TASK — Figure out the number of lines in the data that hold the string "Success". Reply with that figure only.

(Records excerpted from a collection)
○ ○ ○ ○ ○ ○ ○
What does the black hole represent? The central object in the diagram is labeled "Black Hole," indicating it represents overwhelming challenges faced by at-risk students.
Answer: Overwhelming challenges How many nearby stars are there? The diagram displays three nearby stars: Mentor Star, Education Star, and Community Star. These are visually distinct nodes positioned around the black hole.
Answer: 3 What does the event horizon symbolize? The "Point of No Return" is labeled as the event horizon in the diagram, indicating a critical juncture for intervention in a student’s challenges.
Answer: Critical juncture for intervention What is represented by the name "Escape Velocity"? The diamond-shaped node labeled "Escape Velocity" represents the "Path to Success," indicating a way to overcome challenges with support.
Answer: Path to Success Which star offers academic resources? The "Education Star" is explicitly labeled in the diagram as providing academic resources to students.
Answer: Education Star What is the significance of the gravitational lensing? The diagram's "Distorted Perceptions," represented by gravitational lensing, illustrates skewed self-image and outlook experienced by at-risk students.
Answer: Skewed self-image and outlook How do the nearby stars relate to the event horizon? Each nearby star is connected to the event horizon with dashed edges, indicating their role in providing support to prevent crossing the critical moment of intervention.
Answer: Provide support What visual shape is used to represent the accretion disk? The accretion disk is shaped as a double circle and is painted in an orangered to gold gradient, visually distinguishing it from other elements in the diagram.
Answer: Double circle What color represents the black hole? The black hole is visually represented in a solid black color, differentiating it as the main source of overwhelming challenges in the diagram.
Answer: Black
○ ○ ○ ○ ○ ○ ○
THE COMPLETED TASK — 2